DEMO-2B.8: Context-aware User Preference Learning Demonstrator for Multi-modal Hearing Aids
Since the rise of Deep Learning (DL), speech enhancement (SE) models excel in diverse noise conditions. Yet, they may introduce sonic artifacts, sound unnatural, and limit hearing ambient sounds. Hearing Aid (HA) users desire customized SE systems aligning with personal preferences. Our demo presents a context-aware preference learning SE (PLSE) model for future multi-modal HAs. Using fuzzy inference and deep neural networks, it leverages user preferences to enhance sound quality. The system estimates Signal-to-noise ratio (SNR) and predicts the acoustic scene, integrating these inferences to determine target SNR for an Audio-Visual SE (AVSE) system. The personalized model rivals state-of-the-art (SOTA) by reducing noise in challenging conditions, scaling SE output for individualized HA experiences. Subjective results show significant improvement over non-individualized SE models.

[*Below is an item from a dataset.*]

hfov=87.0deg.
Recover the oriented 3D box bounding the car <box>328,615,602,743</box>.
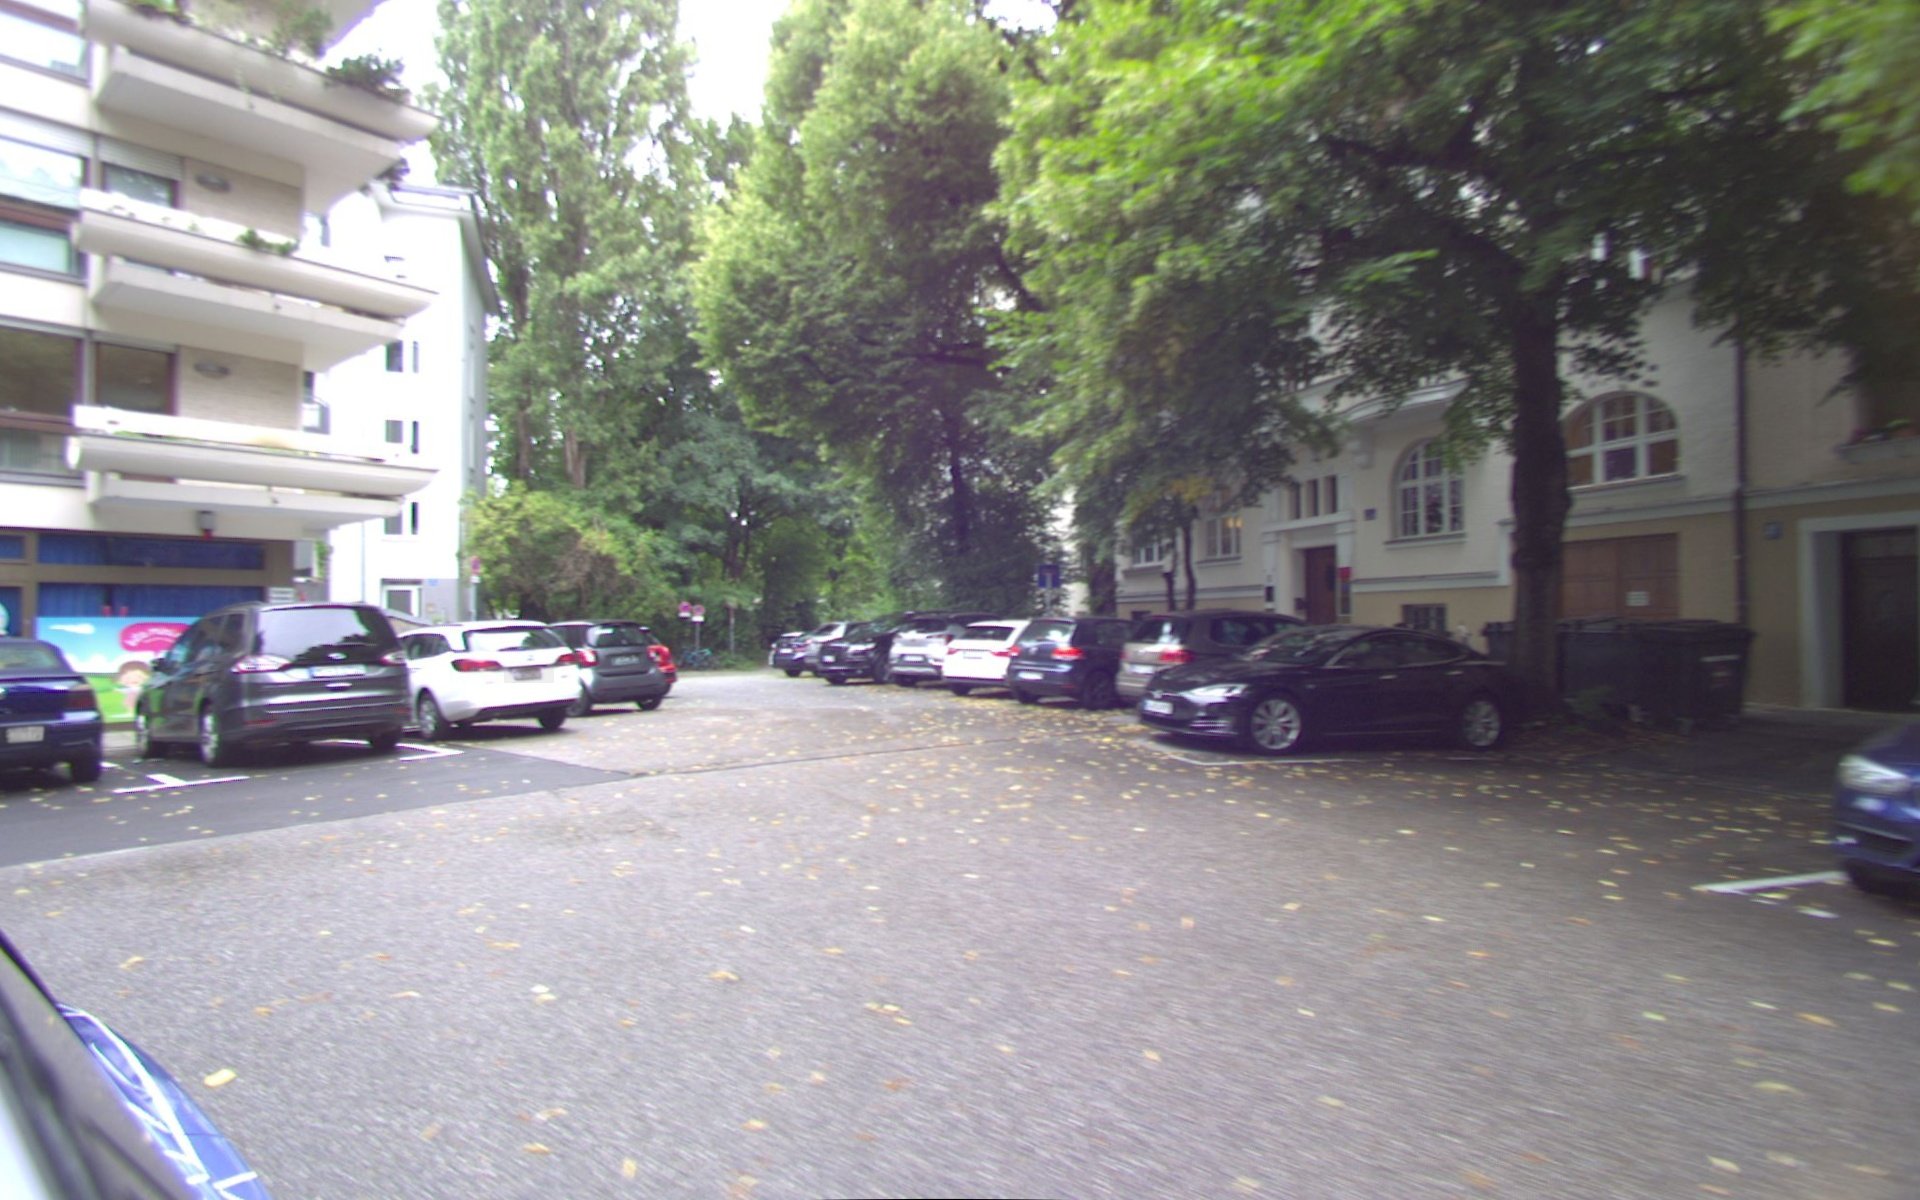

The demo involves distinct training and testing phases. In training, users interact with a Raspberry Pi, monitor, and Nvidia GPU-based setup. The testing phase employs a fuzzy inference model for dynamic transitions between camera and microphone inputs, aligning with SE preference profiles. Profiles come from pre-trained or custom models. Our interactive demonstrator adjusts AVSE model SNR based on joint SSNR and acoustic scene prediction. Users observe preference generalization across diverse scenes using the GRID-CHIME3 dataset, visualizing the current scene post-session through a low-dimensional feature representation
DEMO-2B.9: Towards Low-Energy Low-Latency Multimodal Open Master Hearing Aid
The demo will showcase an innovative two-point neuron-inspired audio visual (AV) open Master Hearing Aid (openMHA) framework for on chip energy-efficient speech enhancement (SE). The developed system is compared against state-of-the-art cepstrum-based audio-only (A-only) SE and conventional point-neuron-inspired deep neural net (DNN) driven multimodal (MM) SE models. Pilot experiments [1] demonstrate that the proposed system outperforms audio-only SE in terms of speech quality and intelligibility and performs comparably to a conventional point-neuron inspired DNN based SE model with a significantly reduced energy consumption at any time both during training and inferencing. In addition, the demo will showcase comparative evaluation with a number of state-of-the-art baseline AV SE models, both with and without openMHA integration, in terms of their streaming SE performance (including audible speech quality and intelligibility gains), hearing-aid latency, and energy consumption trade-offs. In particular, three widely-used baseline AV SE models ([2],[3],[4]) will be comparatively evaluated and demonstrated for evaluation and feedback by hearing and speech researchers, innovators and industry experts at ICASSP.
References
[1] A. Adeel, A. Adetomi, K. Ahmed, A. Hussain, T. Arslan and W. A. Phillips, "Unlocking the Potential of Two-Point Cells for Energy-Efficient and Resilient Training of Deep Nets," in IEEE TETCI, vol. 7, no. 3, pp. 818-828, 2023.
[2] Gogate, M., Dashtipour, K., Adeel, A. and Hussain, A., 2020. CochleaNet: A robust language-independent audio-visual model for real-time speech enhancement. Information Fusion, 63, pp.273-285.
[3] Hussain, T., Gogate, M., Dashtipour, K. and Hussain, A., 2021. Towards intelligibility-oriented audio-visual speech enhancement. arXiv preprint arXiv:2111.09642.
[4] Shi, B., Mohamed, A. and Hsu, W.N., 2022. Learning lip-based audio-visual speaker embeddings with av-hubert. arXiv preprint arXiv:2205.07180.